電子申請のJRE問題を解決するには

現在の電子申請には、JRE問題というのがあります。何年も前から指摘されていることで、つい最近も「電子政府も縦割り弊害 各種申請、同一PCで無理」(asahi.com)という記事がありました。これは、電子申請を「サービス」ではなく「システム」と考えているから起きる問題です。

基本的な考え方や姿勢の問題なので、JREを最新バージョンで統一するといった方法では、根本的な問題解決となりません。

電子政府・電子申請サービスでは、「利用者の負担を軽減する」ことが「わかりやすいメリットを提供すること」と共に最重要の課題となります。

実際にサービスを使ってもらうためには、マイナスの要素を減らし、プラスの要素を増やすことが必要だからです。

「利用者の負担を軽減する」ためには、電子政府・電子申請サービスで採用する方法を、「利用者が日常的に使用しているもの」「既に広く普及しているもの」としなければいけません。
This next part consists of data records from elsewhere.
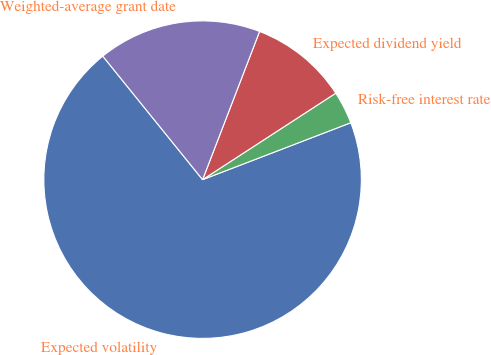<chart> <loc_0><loc_0><loc_500><loc_500><pie_chart><fcel>Expected volatility<fcel>Risk-free interest rate<fcel>Expected dividend yield<fcel>Weighted-average grant date<nl><fcel>70.02%<fcel>3.33%<fcel>9.99%<fcel>16.66%<nl></chart> 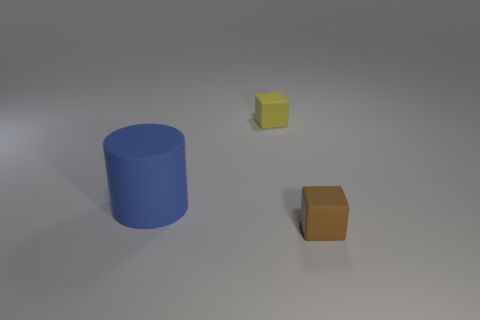Add 2 large matte cylinders. How many objects exist? 5 Subtract all cylinders. How many objects are left? 2 Subtract all cyan balls. Subtract all rubber objects. How many objects are left? 0 Add 1 tiny yellow rubber blocks. How many tiny yellow rubber blocks are left? 2 Add 3 blue things. How many blue things exist? 4 Subtract 0 green blocks. How many objects are left? 3 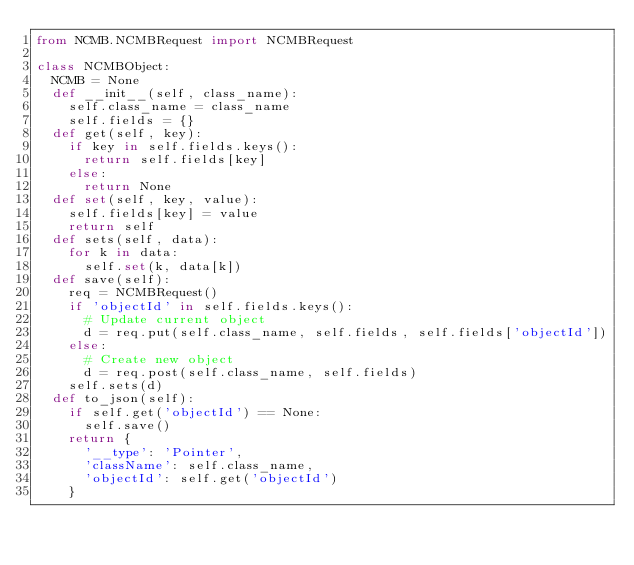Convert code to text. <code><loc_0><loc_0><loc_500><loc_500><_Python_>from NCMB.NCMBRequest import NCMBRequest

class NCMBObject:
  NCMB = None
  def __init__(self, class_name):
    self.class_name = class_name
    self.fields = {}
  def get(self, key):
    if key in self.fields.keys():
      return self.fields[key]
    else:
      return None
  def set(self, key, value):
    self.fields[key] = value
    return self
  def sets(self, data):
    for k in data:
      self.set(k, data[k])
  def save(self):
    req = NCMBRequest()
    if 'objectId' in self.fields.keys():
      # Update current object
      d = req.put(self.class_name, self.fields, self.fields['objectId'])
    else:
      # Create new object
      d = req.post(self.class_name, self.fields)
    self.sets(d)
  def to_json(self):
    if self.get('objectId') == None:
      self.save()
    return {
      '__type': 'Pointer',
      'className': self.class_name,
      'objectId': self.get('objectId')
    }
</code>

(例えば、ブラウザー、電子メールなど。PDFやフラッシュも市民権を得ているので、許容範囲と言えます。)

利用者に対して、新しいものを準備させたり、新しいことを覚えさせたりするのは、確実に利用者の負担を増やすことになるからです。

この最も基本的な考え方を理解して、実践することができれば、JRE問題のようなことは起きないのです。
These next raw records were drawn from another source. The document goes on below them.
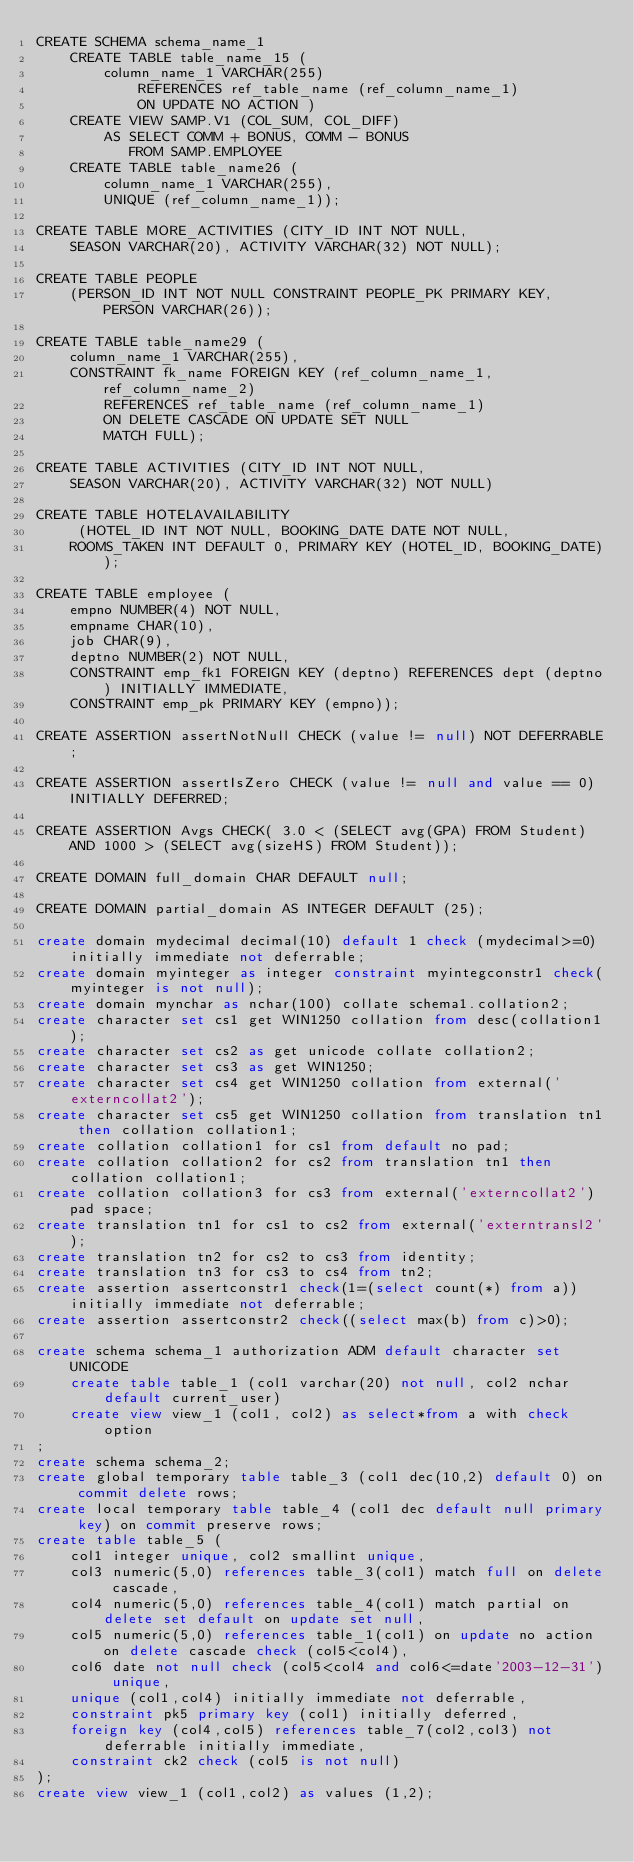Convert code to text. <code><loc_0><loc_0><loc_500><loc_500><_SQL_>CREATE SCHEMA schema_name_1
    CREATE TABLE table_name_15 (
        column_name_1 VARCHAR(255) 
            REFERENCES ref_table_name (ref_column_name_1) 
            ON UPDATE NO ACTION )
    CREATE VIEW SAMP.V1 (COL_SUM, COL_DIFF)
        AS SELECT COMM + BONUS, COMM - BONUS
           FROM SAMP.EMPLOYEE
    CREATE TABLE table_name26 (
        column_name_1 VARCHAR(255),
        UNIQUE (ref_column_name_1));
   
CREATE TABLE MORE_ACTIVITIES (CITY_ID INT NOT NULL,
    SEASON VARCHAR(20), ACTIVITY VARCHAR(32) NOT NULL);

CREATE TABLE PEOPLE
    (PERSON_ID INT NOT NULL CONSTRAINT PEOPLE_PK PRIMARY KEY, PERSON VARCHAR(26));
 
CREATE TABLE table_name29 (
    column_name_1 VARCHAR(255),
    CONSTRAINT fk_name FOREIGN KEY (ref_column_name_1, ref_column_name_2)
        REFERENCES ref_table_name (ref_column_name_1)
        ON DELETE CASCADE ON UPDATE SET NULL
        MATCH FULL);
        
CREATE TABLE ACTIVITIES (CITY_ID INT NOT NULL,
    SEASON VARCHAR(20), ACTIVITY VARCHAR(32) NOT NULL)  

CREATE TABLE HOTELAVAILABILITY
     (HOTEL_ID INT NOT NULL, BOOKING_DATE DATE NOT NULL,
    ROOMS_TAKEN INT DEFAULT 0, PRIMARY KEY (HOTEL_ID, BOOKING_DATE));
    
CREATE TABLE employee (
    empno NUMBER(4) NOT NULL, 
    empname CHAR(10), 
    job CHAR(9), 
    deptno NUMBER(2) NOT NULL,
    CONSTRAINT emp_fk1 FOREIGN KEY (deptno) REFERENCES dept (deptno) INITIALLY IMMEDIATE, 
    CONSTRAINT emp_pk PRIMARY KEY (empno));

CREATE ASSERTION assertNotNull CHECK (value != null) NOT DEFERRABLE;

CREATE ASSERTION assertIsZero CHECK (value != null and value == 0) INITIALLY DEFERRED;

CREATE ASSERTION Avgs CHECK( 3.0 < (SELECT avg(GPA) FROM Student) AND 1000 > (SELECT avg(sizeHS) FROM Student));

CREATE DOMAIN full_domain CHAR DEFAULT null;

CREATE DOMAIN partial_domain AS INTEGER DEFAULT (25);

create domain mydecimal decimal(10) default 1 check (mydecimal>=0) initially immediate not deferrable;
create domain myinteger as integer constraint myintegconstr1 check(myinteger is not null);
create domain mynchar as nchar(100) collate schema1.collation2;
create character set cs1 get WIN1250 collation from desc(collation1);
create character set cs2 as get unicode collate collation2;
create character set cs3 as get WIN1250;
create character set cs4 get WIN1250 collation from external('externcollat2');
create character set cs5 get WIN1250 collation from translation tn1 then collation collation1;
create collation collation1 for cs1 from default no pad;
create collation collation2 for cs2 from translation tn1 then collation collation1;
create collation collation3 for cs3 from external('externcollat2') pad space;
create translation tn1 for cs1 to cs2 from external('externtransl2');
create translation tn2 for cs2 to cs3 from identity;
create translation tn3 for cs3 to cs4 from tn2;
create assertion assertconstr1 check(1=(select count(*) from a)) initially immediate not deferrable;
create assertion assertconstr2 check((select max(b) from c)>0);

create schema schema_1 authorization ADM default character set UNICODE 
    create table table_1 (col1 varchar(20) not null, col2 nchar default current_user)
    create view view_1 (col1, col2) as select*from a with check option
;
create schema schema_2;
create global temporary table table_3 (col1 dec(10,2) default 0) on commit delete rows;
create local temporary table table_4 (col1 dec default null primary key) on commit preserve rows;
create table table_5 (
    col1 integer unique, col2 smallint unique,
    col3 numeric(5,0) references table_3(col1) match full on delete cascade,
    col4 numeric(5,0) references table_4(col1) match partial on delete set default on update set null,
    col5 numeric(5,0) references table_1(col1) on update no action on delete cascade check (col5<col4),
    col6 date not null check (col5<col4 and col6<=date'2003-12-31') unique,
    unique (col1,col4) initially immediate not deferrable,
    constraint pk5 primary key (col1) initially deferred,
    foreign key (col4,col5) references table_7(col2,col3) not deferrable initially immediate,
    constraint ck2 check (col5 is not null)
);
create view view_1 (col1,col2) as values (1,2);</code>

e-Gov電子申請システム」の利用前準備を例にとって見てみましょう。

電子申請をご利用になる場合に」を見るとわかりますが、まず準備事項が多過ぎます。これでは、始める前からうんざりしてしまいます。

私が責任者であれば、(仕様から推測される)利用イメージができあがった時点で、やり直しを指示するですが。。

1 安全な通信を行うための証明書の入手と設定

こんなことをさせるサービスは、民間ではあり得ません。ただちに止めるべきでしょう。

2 Java実行環境への証明書の設定

1と同様です。ただちに止めるべきでしょう。

3 電子署名に必要な利用者の電子証明書について

一般の人は、電子署名を使いませんし、電子証明書も持っていません。別の方法を考えましょう。

4 クライアントモジュールの入手と設定

1と同様です。ただちに止めるべきでしょう。

5 公的個人認証証明書登録ツールの入手と設定

1と同様です。ただちに止めるべきでしょう。

以上のことから、
・安全な通信を行うための証明書の廃止
・JREの不採用
・電子署名、電子証明書の廃止
が必要とわかります。

「それでは、成りすまし等の問題が・・・、安全な電子申請が・・・できない」といった意見は、本末転倒です。できる別の方法を考えれば良いのですから。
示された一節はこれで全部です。